Usually, the subject or content to be evaluated is indicated in the heading of the rating scale and, next to it, the name of the student being evaluated is placed in a box. In the first column the aspects to be evaluated are written in the form of statements (e.g., "Your work lacks spelling mistakes") and in the following columns the levels of achievement are integrated (e.g., always - sometimes - never).
Regardless of the topic or aspect being evaluated, it is common to place at the end of the rubric or the rating scale a box that serves as a section for suggestions, aspects to improve or observations. There, if the evaluator considers so, comments will be written as feedback to the student so that he/she can think about those mistakes he/she may have made and learn from them.
Conclusion
Co-evaluation is a very useful tool in education. Among its main advantages is that it allows students to participate in the learning process, being aware of what knowledge is expected of them and knowing how to identify what they have acquired. It is also a tool that allows to break with the traditional teacher-student evaluation, saving time for the teacher and giving practical experience to their students.

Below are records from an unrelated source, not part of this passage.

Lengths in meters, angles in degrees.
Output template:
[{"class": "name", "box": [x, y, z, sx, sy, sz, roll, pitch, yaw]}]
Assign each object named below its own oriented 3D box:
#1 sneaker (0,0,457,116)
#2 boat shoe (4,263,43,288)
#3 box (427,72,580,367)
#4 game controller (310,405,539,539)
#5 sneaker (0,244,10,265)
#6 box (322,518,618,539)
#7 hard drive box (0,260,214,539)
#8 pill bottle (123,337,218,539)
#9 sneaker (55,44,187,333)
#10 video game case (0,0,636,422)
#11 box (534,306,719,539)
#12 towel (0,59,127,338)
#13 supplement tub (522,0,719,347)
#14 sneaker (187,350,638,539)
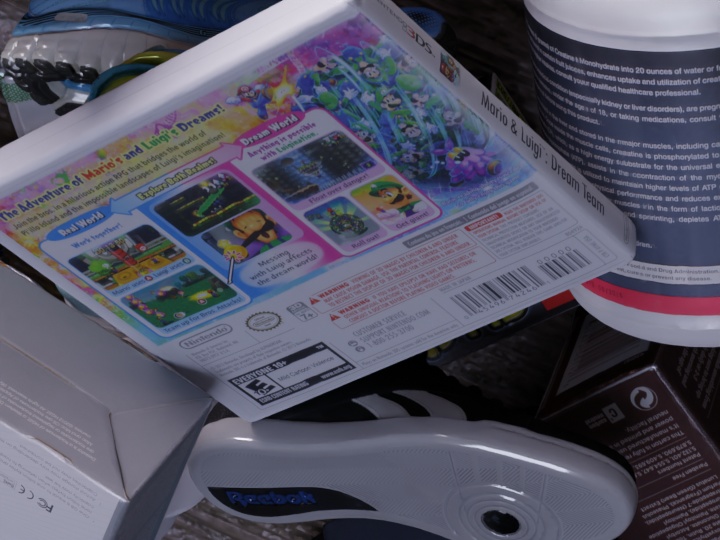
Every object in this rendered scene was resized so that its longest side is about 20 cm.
[{"class": "sneaker", "box": [-0.055, -0.112, 1.208, 0.199, 0.090, 0.078, 6, 160, 16]}, {"class": "boat shoe", "box": [-0.225, -0.010, 1.261, 0.200, 0.075, 0.062, 22, 129, 14]}, {"class": "box", "box": [0.000, 0.000, 1.279, 0.200, 0.035, 0.110, -24, 118, 21]}, {"class": "game controller", "box": [0.056, 0.137, 1.369, 0.200, 0.042, 0.104, -34, 107, 33]}, {"class": "sneaker", "box": [-0.256, -0.031, 1.352, 0.200, 0.075, 0.079, 31, 140, 3]}, {"class": "box", "box": [0.087, 0.215, 1.265, 0.117, 0.197, 0.200, -21, 144, 21]}, {"class": "hard drive box", "box": [-0.169, 0.098, 1.202, 0.156, 0.077, 0.200, 32, 132, 7]}, {"class": "pill bottle", "box": [-0.147, 0.091, 1.322, 0.111, 0.111, 0.200, 48, 147, -15]}, {"class": "sneaker", "box": [-0.090, -0.038, 1.185, 0.200, 0.080, 0.130, -21, 146, 40]}, {"class": "video game case", "box": [-0.025, -0.022, 1.097, 0.200, 0.024, 0.182, -24, 135, 31]}, {"class": "box", "box": [0.169, 0.101, 1.274, 0.075, 0.100, 0.200, -29, 108, 31]}, {"class": "towel", "box": [-0.080, -0.015, 1.321, 0.149, 0.031, 0.200, -1, 122, 19]}, {"class": "supplement tub", "box": [0.139, -0.084, 1.136, 0.140, 0.140, 0.201, 1, 123, 18]}, {"class": "sneaker", "box": [0.032, 0.054, 1.217, 0.199, 0.112, 0.073, 4, 137, 22]}]
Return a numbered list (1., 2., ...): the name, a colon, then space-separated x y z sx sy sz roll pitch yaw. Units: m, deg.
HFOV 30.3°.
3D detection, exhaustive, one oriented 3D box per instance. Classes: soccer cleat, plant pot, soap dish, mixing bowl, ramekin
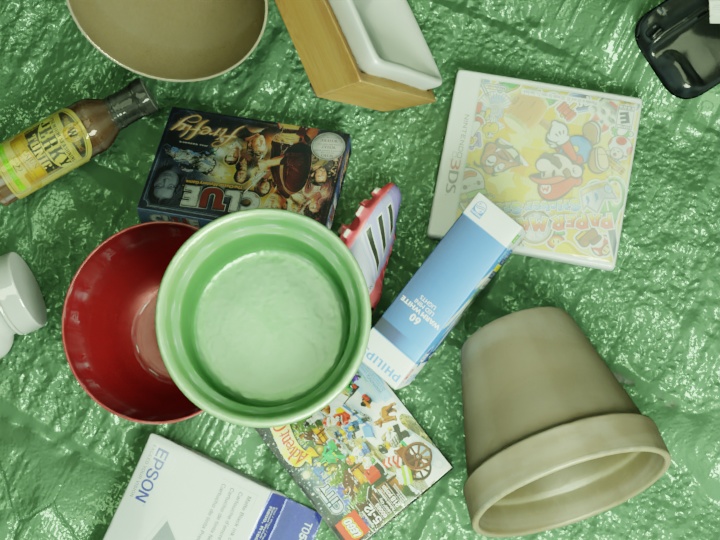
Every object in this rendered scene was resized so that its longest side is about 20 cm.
1. soccer cleat: 0.000 0.000 1.362 0.076 0.067 0.201 35 62 -8
2. plant pot: 0.176 0.139 1.286 0.198 0.200 0.175 -19 62 3
3. plant pot: -0.181 -0.309 1.318 0.198 0.201 0.135 2 47 6
4. soap dish: -0.005 -0.242 1.354 0.081 0.200 0.159 -28 80 23
5. mixing bowl: -0.196 0.058 1.363 0.198 0.108 0.203 -1 81 5
6. ramekin: -0.088 0.049 1.252 0.197 0.098 0.203 0 80 1

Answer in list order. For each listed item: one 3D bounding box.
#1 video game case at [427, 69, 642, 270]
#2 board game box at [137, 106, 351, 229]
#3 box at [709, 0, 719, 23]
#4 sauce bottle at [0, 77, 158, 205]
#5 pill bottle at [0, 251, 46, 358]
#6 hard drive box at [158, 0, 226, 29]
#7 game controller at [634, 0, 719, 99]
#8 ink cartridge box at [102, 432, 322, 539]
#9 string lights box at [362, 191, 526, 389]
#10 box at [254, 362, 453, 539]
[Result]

As long as the teacher has given guidelines on how to do it, has made sure that the content to be evaluated has been previously taught and trusts that his students will evaluate their peers in an honest and fair way, it becomes a truly useful and profitable tool. On the other hand, if the student body is not committed or mature enough to distinguish between the personal and the academic, it becomes wasted time.
Bibliographical references:
- Valenzuela, J.R. (2007). Evaluaciones del Aprendizaje en la educación a distancia; Prácticas comunes y usos de los recursos tecnológicos.
- Díaz B.. F. (1993). Methodological approaches to curriculum design: towards an integral proposal. Technology in educational communication journal. Núm 21.